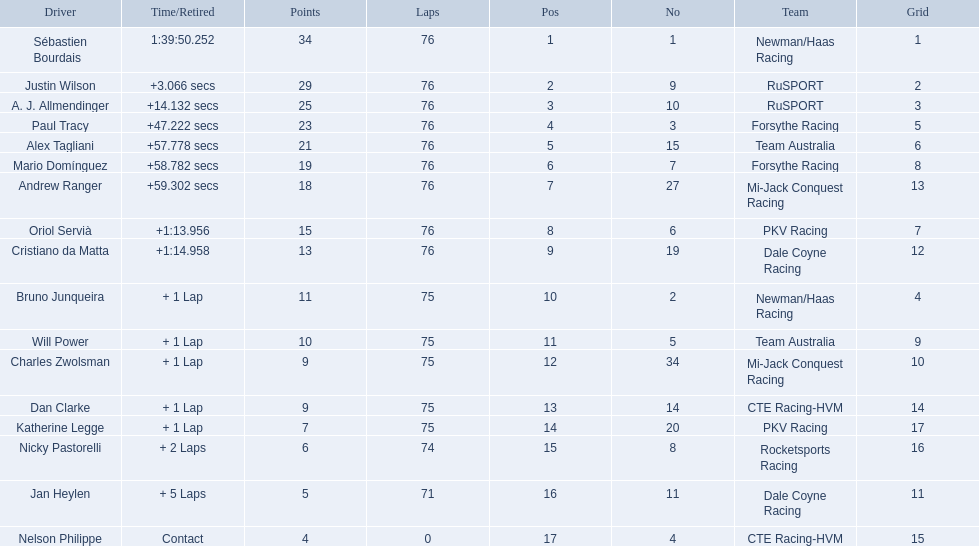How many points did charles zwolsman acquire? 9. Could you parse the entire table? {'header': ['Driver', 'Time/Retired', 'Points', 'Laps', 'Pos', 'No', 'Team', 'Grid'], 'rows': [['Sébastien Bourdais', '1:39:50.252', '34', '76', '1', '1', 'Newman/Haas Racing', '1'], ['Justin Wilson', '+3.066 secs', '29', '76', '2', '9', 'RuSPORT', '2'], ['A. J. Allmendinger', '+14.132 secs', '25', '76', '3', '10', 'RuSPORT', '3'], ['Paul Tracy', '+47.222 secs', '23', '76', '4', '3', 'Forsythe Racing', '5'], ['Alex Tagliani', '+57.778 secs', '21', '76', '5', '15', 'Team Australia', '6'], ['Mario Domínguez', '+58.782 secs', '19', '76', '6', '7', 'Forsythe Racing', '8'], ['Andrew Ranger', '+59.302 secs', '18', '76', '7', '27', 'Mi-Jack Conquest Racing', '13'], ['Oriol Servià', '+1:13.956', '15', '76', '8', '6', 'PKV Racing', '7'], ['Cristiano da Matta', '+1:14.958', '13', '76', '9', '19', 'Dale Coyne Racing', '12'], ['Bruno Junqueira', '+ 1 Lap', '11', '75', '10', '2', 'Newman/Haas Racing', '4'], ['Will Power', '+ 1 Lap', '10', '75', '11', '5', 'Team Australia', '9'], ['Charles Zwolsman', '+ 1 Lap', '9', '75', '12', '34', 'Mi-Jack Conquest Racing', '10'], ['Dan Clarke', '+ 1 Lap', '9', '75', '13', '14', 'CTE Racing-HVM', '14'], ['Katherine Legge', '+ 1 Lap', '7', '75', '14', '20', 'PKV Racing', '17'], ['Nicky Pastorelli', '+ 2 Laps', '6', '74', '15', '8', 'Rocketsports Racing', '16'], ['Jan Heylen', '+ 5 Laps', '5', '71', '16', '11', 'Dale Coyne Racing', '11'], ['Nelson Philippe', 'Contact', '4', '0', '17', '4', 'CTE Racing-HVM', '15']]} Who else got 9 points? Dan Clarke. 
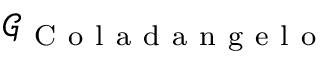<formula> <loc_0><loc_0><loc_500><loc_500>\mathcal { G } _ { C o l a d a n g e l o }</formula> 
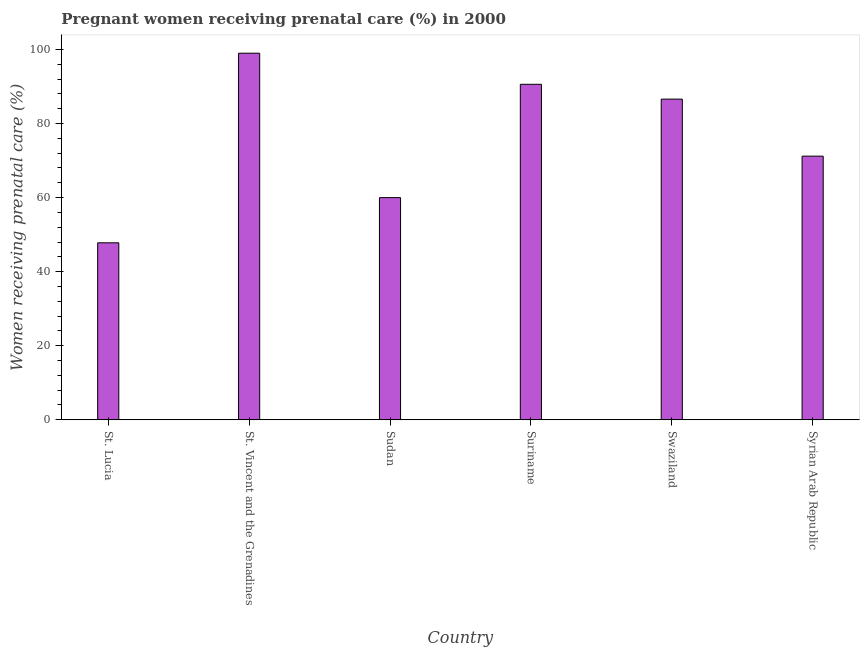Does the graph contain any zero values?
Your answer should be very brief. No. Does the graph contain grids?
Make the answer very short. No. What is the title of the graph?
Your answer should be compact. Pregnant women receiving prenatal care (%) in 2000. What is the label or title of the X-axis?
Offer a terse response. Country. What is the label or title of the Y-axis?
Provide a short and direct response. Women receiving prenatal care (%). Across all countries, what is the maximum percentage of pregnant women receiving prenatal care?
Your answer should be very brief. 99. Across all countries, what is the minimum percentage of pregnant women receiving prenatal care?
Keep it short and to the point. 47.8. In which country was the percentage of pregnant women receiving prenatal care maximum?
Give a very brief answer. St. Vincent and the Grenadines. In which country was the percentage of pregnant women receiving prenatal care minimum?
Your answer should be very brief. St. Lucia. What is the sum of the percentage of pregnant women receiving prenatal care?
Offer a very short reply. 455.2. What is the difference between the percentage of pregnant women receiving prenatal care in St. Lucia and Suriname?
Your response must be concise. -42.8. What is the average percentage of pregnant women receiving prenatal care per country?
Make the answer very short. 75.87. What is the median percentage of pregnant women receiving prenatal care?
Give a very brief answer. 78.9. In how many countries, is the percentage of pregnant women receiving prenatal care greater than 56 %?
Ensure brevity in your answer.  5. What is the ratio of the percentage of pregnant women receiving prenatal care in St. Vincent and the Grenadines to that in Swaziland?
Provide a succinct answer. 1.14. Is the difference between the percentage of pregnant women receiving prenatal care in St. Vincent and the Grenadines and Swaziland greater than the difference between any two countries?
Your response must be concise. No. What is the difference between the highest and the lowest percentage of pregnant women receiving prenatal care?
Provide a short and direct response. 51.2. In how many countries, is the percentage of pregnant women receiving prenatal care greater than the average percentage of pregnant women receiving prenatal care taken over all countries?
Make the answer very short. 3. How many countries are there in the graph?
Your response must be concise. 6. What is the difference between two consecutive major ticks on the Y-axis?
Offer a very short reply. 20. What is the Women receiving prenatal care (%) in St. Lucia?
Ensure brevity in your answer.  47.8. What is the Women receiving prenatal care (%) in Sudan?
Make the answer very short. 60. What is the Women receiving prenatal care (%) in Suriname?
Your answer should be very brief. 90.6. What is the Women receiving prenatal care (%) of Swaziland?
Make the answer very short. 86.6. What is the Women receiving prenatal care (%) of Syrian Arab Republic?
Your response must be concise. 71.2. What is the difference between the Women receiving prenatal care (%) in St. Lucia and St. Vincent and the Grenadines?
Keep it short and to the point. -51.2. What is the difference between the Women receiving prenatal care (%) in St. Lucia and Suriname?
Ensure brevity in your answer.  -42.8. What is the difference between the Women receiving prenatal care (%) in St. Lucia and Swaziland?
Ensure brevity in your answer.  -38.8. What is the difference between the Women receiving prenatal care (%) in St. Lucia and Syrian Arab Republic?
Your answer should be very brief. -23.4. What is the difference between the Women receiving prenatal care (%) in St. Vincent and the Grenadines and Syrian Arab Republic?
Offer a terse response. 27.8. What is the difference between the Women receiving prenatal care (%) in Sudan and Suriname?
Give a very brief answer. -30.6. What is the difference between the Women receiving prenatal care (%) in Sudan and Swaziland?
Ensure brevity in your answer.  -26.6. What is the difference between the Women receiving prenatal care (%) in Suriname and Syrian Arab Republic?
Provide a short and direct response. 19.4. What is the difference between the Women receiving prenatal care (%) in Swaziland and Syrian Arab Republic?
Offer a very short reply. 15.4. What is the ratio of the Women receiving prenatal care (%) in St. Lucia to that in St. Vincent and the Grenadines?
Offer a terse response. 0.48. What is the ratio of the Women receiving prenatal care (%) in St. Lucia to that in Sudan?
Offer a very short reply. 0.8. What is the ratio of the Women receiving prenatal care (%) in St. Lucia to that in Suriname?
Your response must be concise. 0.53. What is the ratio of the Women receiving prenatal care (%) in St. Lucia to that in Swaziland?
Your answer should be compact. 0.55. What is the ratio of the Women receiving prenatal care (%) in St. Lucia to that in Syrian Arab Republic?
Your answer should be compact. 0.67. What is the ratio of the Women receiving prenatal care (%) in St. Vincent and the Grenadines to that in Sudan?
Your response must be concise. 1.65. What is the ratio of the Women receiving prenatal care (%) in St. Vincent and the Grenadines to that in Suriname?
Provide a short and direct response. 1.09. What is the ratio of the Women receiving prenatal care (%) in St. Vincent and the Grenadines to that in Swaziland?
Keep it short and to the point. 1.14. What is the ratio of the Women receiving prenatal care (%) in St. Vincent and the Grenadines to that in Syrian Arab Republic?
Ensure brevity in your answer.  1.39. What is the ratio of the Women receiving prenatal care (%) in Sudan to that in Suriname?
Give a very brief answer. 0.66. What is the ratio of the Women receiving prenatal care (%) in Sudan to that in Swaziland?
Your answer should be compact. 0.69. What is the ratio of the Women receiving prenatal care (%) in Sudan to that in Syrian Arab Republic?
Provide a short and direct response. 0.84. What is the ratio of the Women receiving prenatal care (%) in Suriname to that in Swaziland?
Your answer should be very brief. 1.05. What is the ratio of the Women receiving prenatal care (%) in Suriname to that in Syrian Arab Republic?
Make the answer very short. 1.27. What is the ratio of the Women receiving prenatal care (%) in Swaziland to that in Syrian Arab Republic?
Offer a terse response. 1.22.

— Work item —
Write out the entries again, word for word. No images.

— Response to this exercise —
How many points did charles zwolsman acquire? 9. Could you parse the entire table? {'header': ['Driver', 'Time/Retired', 'Points', 'Laps', 'Pos', 'No', 'Team', 'Grid'], 'rows': [['Sébastien Bourdais', '1:39:50.252', '34', '76', '1', '1', 'Newman/Haas Racing', '1'], ['Justin Wilson', '+3.066 secs', '29', '76', '2', '9', 'RuSPORT', '2'], ['A. J. Allmendinger', '+14.132 secs', '25', '76', '3', '10', 'RuSPORT', '3'], ['Paul Tracy', '+47.222 secs', '23', '76', '4', '3', 'Forsythe Racing', '5'], ['Alex Tagliani', '+57.778 secs', '21', '76', '5', '15', 'Team Australia', '6'], ['Mario Domínguez', '+58.782 secs', '19', '76', '6', '7', 'Forsythe Racing', '8'], ['Andrew Ranger', '+59.302 secs', '18', '76', '7', '27', 'Mi-Jack Conquest Racing', '13'], ['Oriol Servià', '+1:13.956', '15', '76', '8', '6', 'PKV Racing', '7'], ['Cristiano da Matta', '+1:14.958', '13', '76', '9', '19', 'Dale Coyne Racing', '12'], ['Bruno Junqueira', '+ 1 Lap', '11', '75', '10', '2', 'Newman/Haas Racing', '4'], ['Will Power', '+ 1 Lap', '10', '75', '11', '5', 'Team Australia', '9'], ['Charles Zwolsman', '+ 1 Lap', '9', '75', '12', '34', 'Mi-Jack Conquest Racing', '10'], ['Dan Clarke', '+ 1 Lap', '9', '75', '13', '14', 'CTE Racing-HVM', '14'], ['Katherine Legge', '+ 1 Lap', '7', '75', '14', '20', 'PKV Racing', '17'], ['Nicky Pastorelli', '+ 2 Laps', '6', '74', '15', '8', 'Rocketsports Racing', '16'], ['Jan Heylen', '+ 5 Laps', '5', '71', '16', '11', 'Dale Coyne Racing', '11'], ['Nelson Philippe', 'Contact', '4', '0', '17', '4', 'CTE Racing-HVM', '15']]} Who else got 9 points? Dan Clarke. 
<formula> <loc_0><loc_0><loc_500><loc_500>\mathcal { G } _ { C o l a d a n g e l o }</formula> 
Does the graph contain any zero values?
Your answer should be very brief. No. Does the graph contain grids?
Make the answer very short. No. What is the title of the graph?
Your answer should be compact. Pregnant women receiving prenatal care (%) in 2000. What is the label or title of the X-axis?
Offer a terse response. Country. What is the label or title of the Y-axis?
Provide a short and direct response. Women receiving prenatal care (%). Across all countries, what is the maximum percentage of pregnant women receiving prenatal care?
Your answer should be very brief. 99. Across all countries, what is the minimum percentage of pregnant women receiving prenatal care?
Keep it short and to the point. 47.8. In which country was the percentage of pregnant women receiving prenatal care maximum?
Give a very brief answer. St. Vincent and the Grenadines. In which country was the percentage of pregnant women receiving prenatal care minimum?
Your answer should be very brief. St. Lucia. What is the sum of the percentage of pregnant women receiving prenatal care?
Offer a very short reply. 455.2. What is the difference between the percentage of pregnant women receiving prenatal care in St. Lucia and Suriname?
Your response must be concise. -42.8. What is the average percentage of pregnant women receiving prenatal care per country?
Make the answer very short. 75.87. What is the median percentage of pregnant women receiving prenatal care?
Give a very brief answer. 78.9. In how many countries, is the percentage of pregnant women receiving prenatal care greater than 56 %?
Ensure brevity in your answer.  5. What is the ratio of the percentage of pregnant women receiving prenatal care in St. Vincent and the Grenadines to that in Swaziland?
Provide a succinct answer. 1.14. Is the difference between the percentage of pregnant women receiving prenatal care in St. Vincent and the Grenadines and Swaziland greater than the difference between any two countries?
Your response must be concise. No. What is the difference between the highest and the lowest percentage of pregnant women receiving prenatal care?
Provide a short and direct response. 51.2. In how many countries, is the percentage of pregnant women receiving prenatal care greater than the average percentage of pregnant women receiving prenatal care taken over all countries?
Make the answer very short. 3. How many countries are there in the graph?
Your response must be concise. 6. What is the difference between two consecutive major ticks on the Y-axis?
Offer a very short reply. 20. What is the Women receiving prenatal care (%) in St. Lucia?
Ensure brevity in your answer.  47.8. What is the Women receiving prenatal care (%) in Sudan?
Make the answer very short. 60. What is the Women receiving prenatal care (%) in Suriname?
Your answer should be very brief. 90.6. What is the Women receiving prenatal care (%) of Swaziland?
Make the answer very short. 86.6. What is the Women receiving prenatal care (%) of Syrian Arab Republic?
Your response must be concise. 71.2. What is the difference between the Women receiving prenatal care (%) in St. Lucia and St. Vincent and the Grenadines?
Keep it short and to the point. -51.2. What is the difference between the Women receiving prenatal care (%) in St. Lucia and Suriname?
Ensure brevity in your answer.  -42.8. What is the difference between the Women receiving prenatal care (%) in St. Lucia and Swaziland?
Ensure brevity in your answer.  -38.8. What is the difference between the Women receiving prenatal care (%) in St. Lucia and Syrian Arab Republic?
Your answer should be very brief. -23.4. What is the difference between the Women receiving prenatal care (%) in St. Vincent and the Grenadines and Syrian Arab Republic?
Offer a terse response. 27.8. What is the difference between the Women receiving prenatal care (%) in Sudan and Suriname?
Give a very brief answer. -30.6. What is the difference between the Women receiving prenatal care (%) in Sudan and Swaziland?
Ensure brevity in your answer.  -26.6. What is the difference between the Women receiving prenatal care (%) in Suriname and Syrian Arab Republic?
Provide a short and direct response. 19.4. What is the difference between the Women receiving prenatal care (%) in Swaziland and Syrian Arab Republic?
Offer a very short reply. 15.4. What is the ratio of the Women receiving prenatal care (%) in St. Lucia to that in St. Vincent and the Grenadines?
Offer a terse response. 0.48. What is the ratio of the Women receiving prenatal care (%) in St. Lucia to that in Sudan?
Offer a very short reply. 0.8. What is the ratio of the Women receiving prenatal care (%) in St. Lucia to that in Suriname?
Your response must be concise. 0.53. What is the ratio of the Women receiving prenatal care (%) in St. Lucia to that in Swaziland?
Your answer should be compact. 0.55. What is the ratio of the Women receiving prenatal care (%) in St. Lucia to that in Syrian Arab Republic?
Your answer should be compact. 0.67. What is the ratio of the Women receiving prenatal care (%) in St. Vincent and the Grenadines to that in Sudan?
Your response must be concise. 1.65. What is the ratio of the Women receiving prenatal care (%) in St. Vincent and the Grenadines to that in Suriname?
Provide a short and direct response. 1.09. What is the ratio of the Women receiving prenatal care (%) in St. Vincent and the Grenadines to that in Swaziland?
Keep it short and to the point. 1.14. What is the ratio of the Women receiving prenatal care (%) in St. Vincent and the Grenadines to that in Syrian Arab Republic?
Ensure brevity in your answer.  1.39. What is the ratio of the Women receiving prenatal care (%) in Sudan to that in Suriname?
Give a very brief answer. 0.66. What is the ratio of the Women receiving prenatal care (%) in Sudan to that in Swaziland?
Your answer should be compact. 0.69. What is the ratio of the Women receiving prenatal care (%) in Sudan to that in Syrian Arab Republic?
Provide a short and direct response. 0.84. What is the ratio of the Women receiving prenatal care (%) in Suriname to that in Swaziland?
Your answer should be very brief. 1.05. What is the ratio of the Women receiving prenatal care (%) in Suriname to that in Syrian Arab Republic?
Make the answer very short. 1.27. What is the ratio of the Women receiving prenatal care (%) in Swaziland to that in Syrian Arab Republic?
Offer a terse response. 1.22.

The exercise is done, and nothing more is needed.